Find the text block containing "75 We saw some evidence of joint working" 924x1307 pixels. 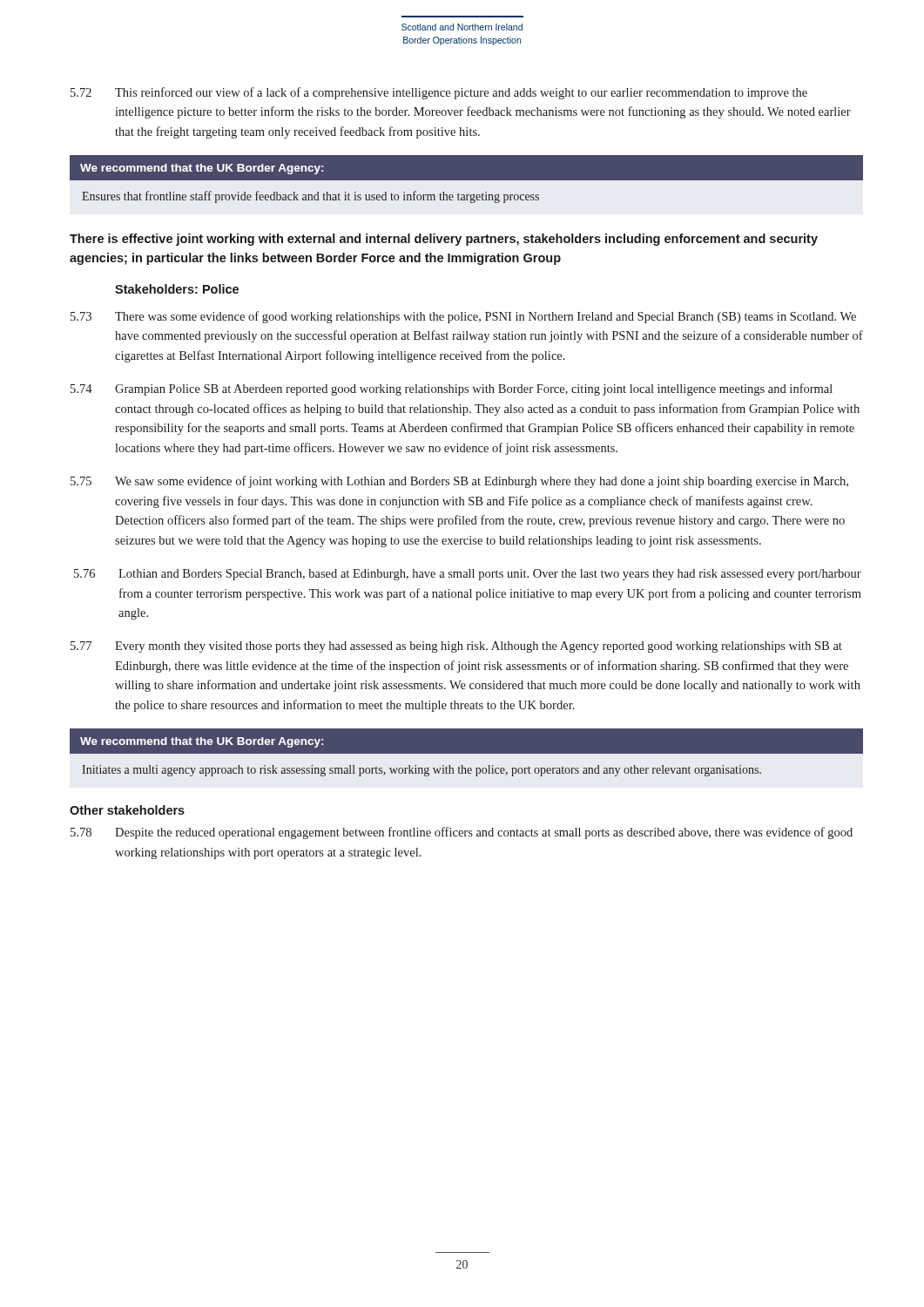466,511
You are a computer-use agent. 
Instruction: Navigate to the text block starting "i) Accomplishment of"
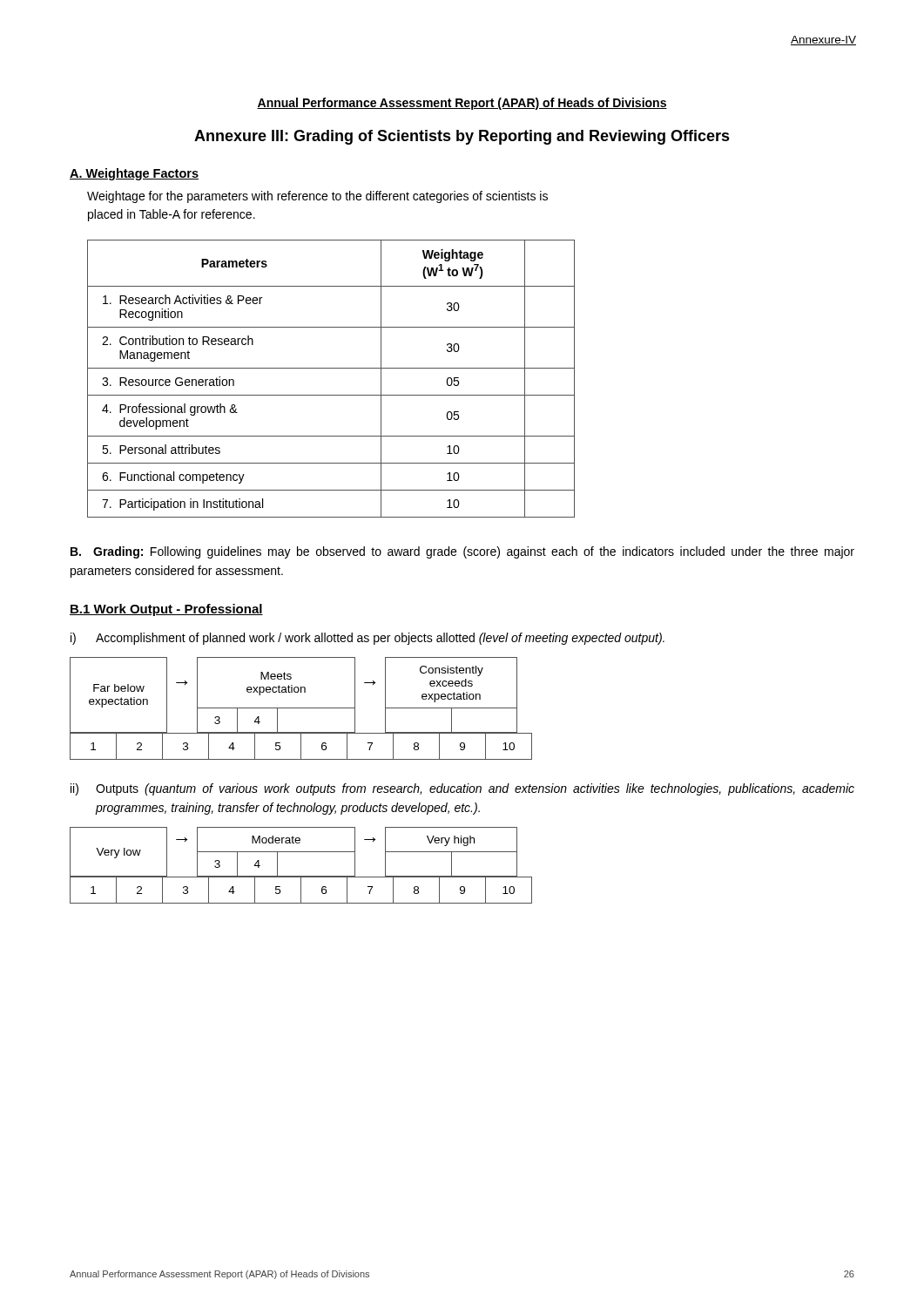click(368, 638)
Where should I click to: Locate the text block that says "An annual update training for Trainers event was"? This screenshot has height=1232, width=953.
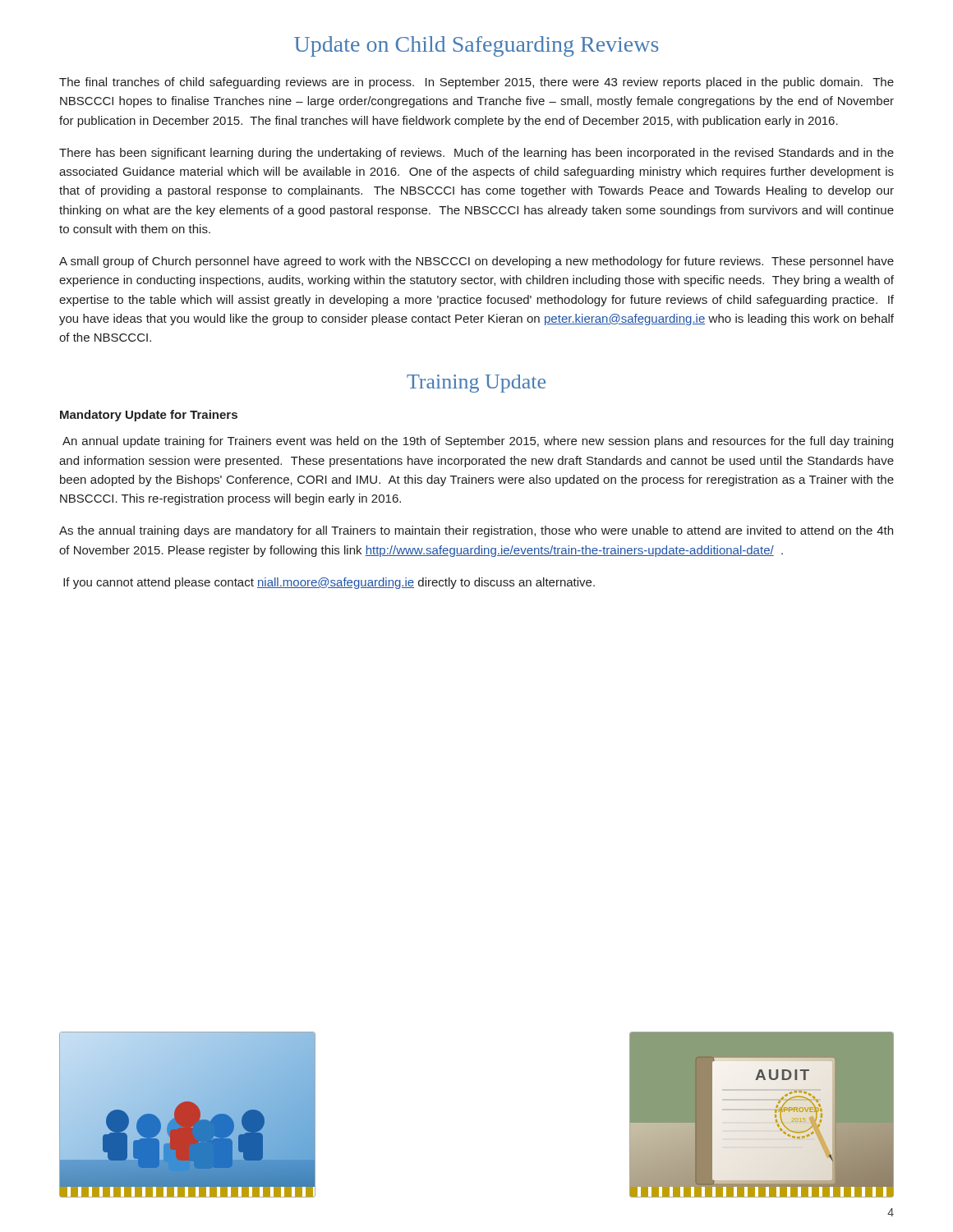coord(476,470)

### WHAT YOU SHOULD DO
Each line from the one with "Instruction: Navigate to" to the end of the material needs to be output word for word, with no picture included.

### ANSWER SECTION
Instruction: Navigate to the text block starting "i) Accomplishment of"
click(368, 638)
Where should I click to: Locate the text block that says "An annual update training for Trainers event was"? This screenshot has height=1232, width=953.
coord(476,470)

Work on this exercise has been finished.